"Tujenge Amani!" means "Let’s build peace!"
The Tujenge Amani project was launched in 2013 following a chance meeting between its initiators, Katharina Vögeli and Déogratias Buuma, and Aimedo Kalangiro, a demobilised Raia Mutomboki leader. With the support of the Federal Department of Foreign Affairs (FDFA) and Action pour la Paix et la Concorde asbl (APC) in Bukavu, this conflict prevention and mediation project has now developed an innovative methodology that is particularly well adapted to the fragile context in the eastern Democratic Republic of the Congo, in the regions of South and North Kivu. Tujenge Amani relies on establishing platforms for dialogue between all the actors and assist communities in building their capacity for conflict resolution. Although less visible than high-level political mediation, this type of approach nevertheless helps address the root causes of conflict and points the way towards lasting solutions. It also embodies the values of respect, openness and tolerance, which are fundamental to Switzerland’s engagement in highly complex contexts and its collaboration with partners on the ground. This project now is hoped to be spread and replicated in other regions.

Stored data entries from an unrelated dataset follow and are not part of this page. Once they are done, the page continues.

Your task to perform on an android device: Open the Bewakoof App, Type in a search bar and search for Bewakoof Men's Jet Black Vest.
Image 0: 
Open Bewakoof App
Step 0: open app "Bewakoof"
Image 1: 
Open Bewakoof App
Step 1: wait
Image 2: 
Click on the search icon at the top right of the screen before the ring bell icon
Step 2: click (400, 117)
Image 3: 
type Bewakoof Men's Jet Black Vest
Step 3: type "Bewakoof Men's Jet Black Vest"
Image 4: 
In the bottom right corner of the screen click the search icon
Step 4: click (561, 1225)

The methodology adopted by Tujenge Amani will first be presented by Katharina Vögeli (values and principles), Deogratias Buuma (managing a complex political context), Sosthène Maliyaseme (project phases and tools) and Prof. Adolphe Kilomba (impact assessment). The floor will then be opened to the audience for questions and comments.

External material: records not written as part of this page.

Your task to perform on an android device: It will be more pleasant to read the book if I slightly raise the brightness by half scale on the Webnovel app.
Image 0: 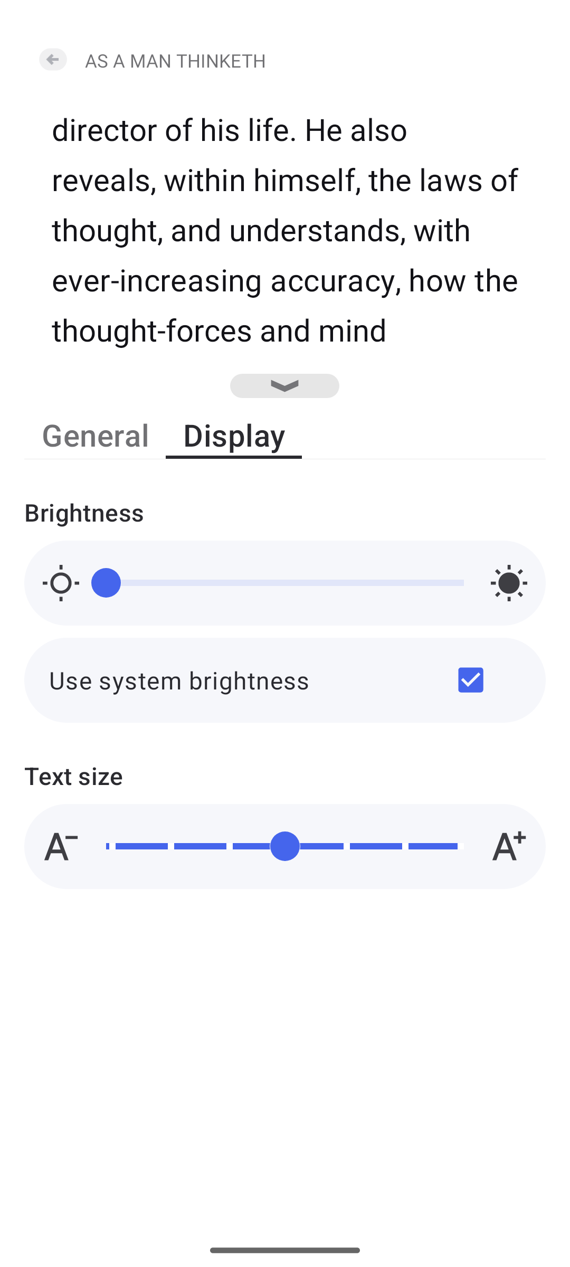
Swipe right the Brightness slider by half scale
Step 0: scroll left
Image 1: 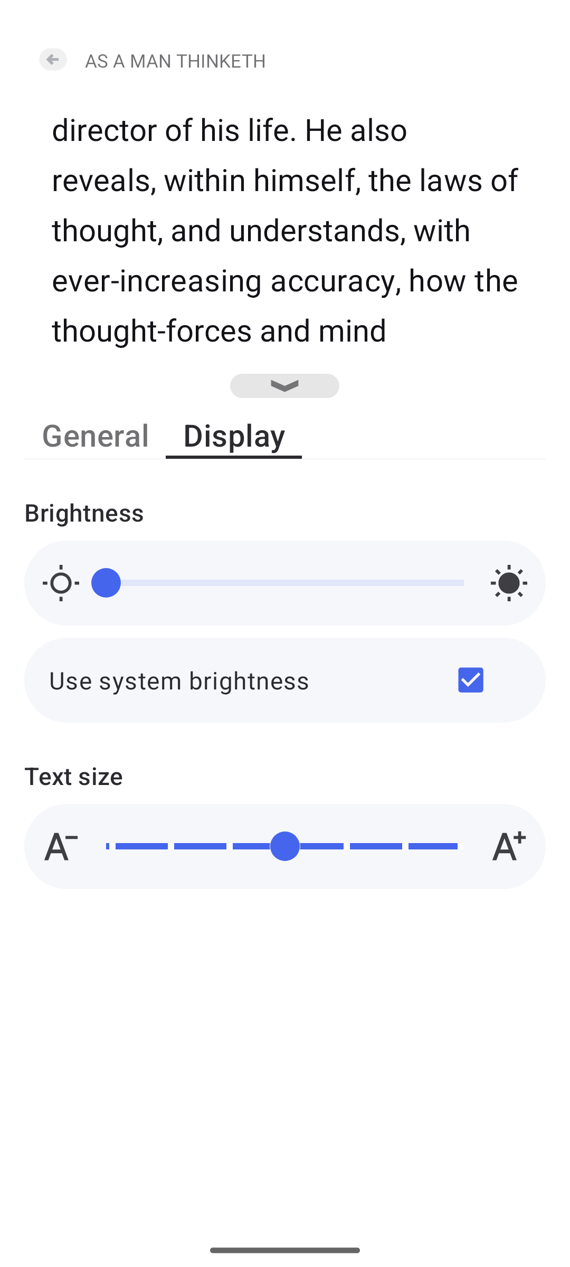
Swipe right the Brightness slider by half scale
Step 1: scroll left

Déogratias Buuma, Executive Secretary, Action pour la Paix et la Concorde asbl (APC), Bukavu, DRC
Adolphe Kilomba, Professor of transitional justice, international humanitarian law and human rights at the Université Catholique de Bukavu, DRC
Sothène Maliyaseme, Head of Programme, Action pour la Paix et la Concorde asbl (APC), Bukavu, DRC
Katharina Vögeli, Senior Peace Advisor, FDFA, Embassy of Switzerland in DRC, Kinshasa
They will be accompanied by:
Aimedo Kalangiro, Demobilised Leader of the Raia Mutomboki, Bunyakiri, DRC
Duco Tellegen, Director of the “Tujenge Amani” documentary, Utrecht, Netherlands
A light networking cocktail will follow the discussion.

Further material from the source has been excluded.